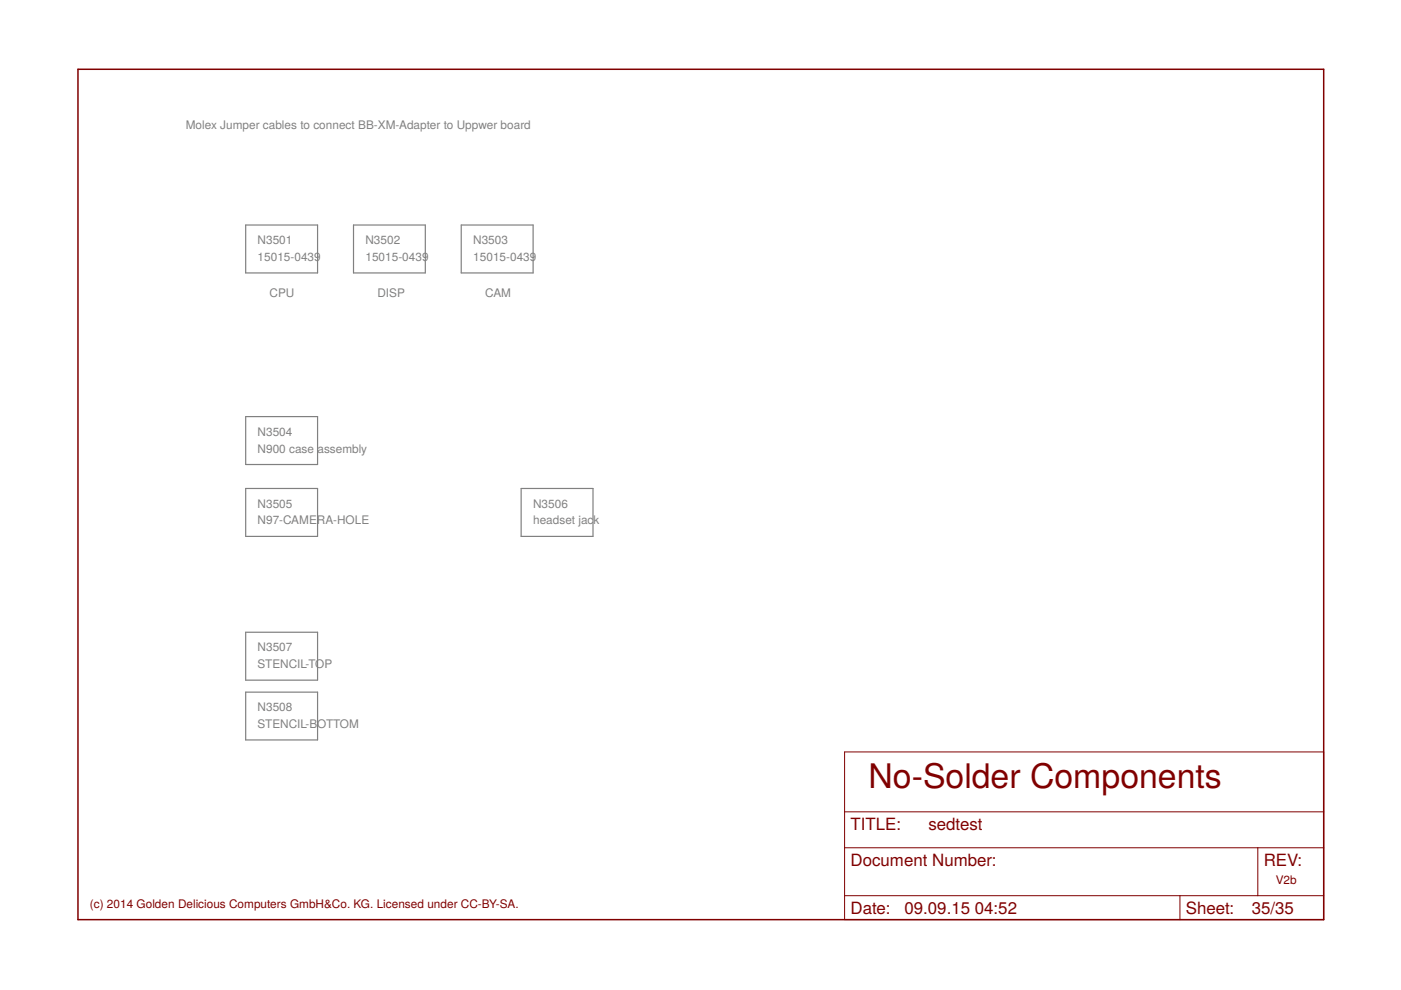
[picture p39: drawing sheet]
<svg xmlns="http://www.w3.org/2000/svg" width="297mm" height="210mm" viewBox="0 0 297 210" stroke-linecap="round" stroke-linejoin="round" font-family="sans-serif">
<defs><g id="words">
<text font-size="7.2" fill="#800000" x="184.1" y="167.1">No-Solder Components</text>
<g font-size="3.6" fill="#800000">
<text x="180.3" y="175.9">TITLE:</text>
<text x="196.8" y="175.9">sedtest</text>
<text x="180.3" y="183.6">Document Number:</text>
<text x="267.9" y="183.6">REV:</text>
<text x="180.3" y="193.7">Date:</text>
<text x="191.8" y="193.7">09.09.15</text>
<text x="206.7" y="193.7">04:52</text>
<text x="251.4" y="193.7">Sheet:</text>
<text x="265.4" y="193.7">35/35</text>
</g>
<g font-size="2.5" fill="#808080">
<text x="39.4" y="27.4">Molex Jumper cables to connect BB-XM-Adapter to Uppwer board</text>
<text x="54.6" y="51.8">N3501</text>
<text x="77.5" y="51.8">N3502</text>
<text x="100.3" y="51.8">N3503</text>
<text x="54.6" y="55.3">15015-0439</text>
<text x="77.5" y="55.3">15015-0439</text>
<text x="100.3" y="55.3">15015-0439</text>
<text x="57.2" y="62.9">CPU</text>
<text x="80" y="62.9">DISP</text>
<text x="102.9" y="62.9">CAM</text>
<text x="54.6" y="96">N900 case assembly</text>
<text x="54.6" y="92.4">N3504</text>
<text x="54.6" y="107.6">N3505</text>
<text x="113" y="107.6">N3506</text>
<text x="54.6" y="111.2">N97-CAMERA-HOLE</text>
<text x="113" y="111.2">headset jac</text>
<text x="125.8" y="111.2">k</text>
<text x="54.6" y="141.7">STENCIL-TOP</text>
<text x="54.6" y="138.1">N3507</text>
<text x="54.6" y="154.4">STENCIL-BOTTOM</text>
<text x="54.6" y="150.8">N3508</text>
</g>
<g font-size="2.5" fill="#800000">
<text x="270.5" y="187.4">V2b</text>
<text x="19.1" y="192.4">(c) 2014 Golden Delicious Computers GmbH&amp;Co. KG. Licensed under CC-BY-SA.</text>
</g>
</g></defs>
<path d="M52.1 47.7h15.2v10.2h-15.2zM75 47.7h15.2v10.2h-15.2zM97.8 47.7h15.2v10.2h-15.2zM52.1 88.3h15.2v10.2h-15.2zM52.1 103.6h15.2v10.1h-15.2zM110.5 103.6h15.2v10.1h-15.2zM52.1 134h15.2v10.2h-15.2zM52.1 146.7h15.2v10.2h-15.2z" fill="none" stroke="#808080" stroke-width=".25"/>
<path d="M16.5 14.7h264.1v180.3h-264.1z" fill="none" stroke="#800000" stroke-width=".32"/>
<path d="M179.1 159.4h101.5v35.6h-101.5zM179.1 179.7h101.5M179.1 172.1h101.5M266.7 179.7v10.2M179.1 189.9h101.5M250.2 189.9v5.1" fill="none" stroke="#800000" stroke-width=".21"/>
<use href="#words"/>
</svg>

━━━━━━

What you are asked to do:
When a line of the entries contains "STENCIL", it counts; say how many such lines there are, and nothing more.

Result:
2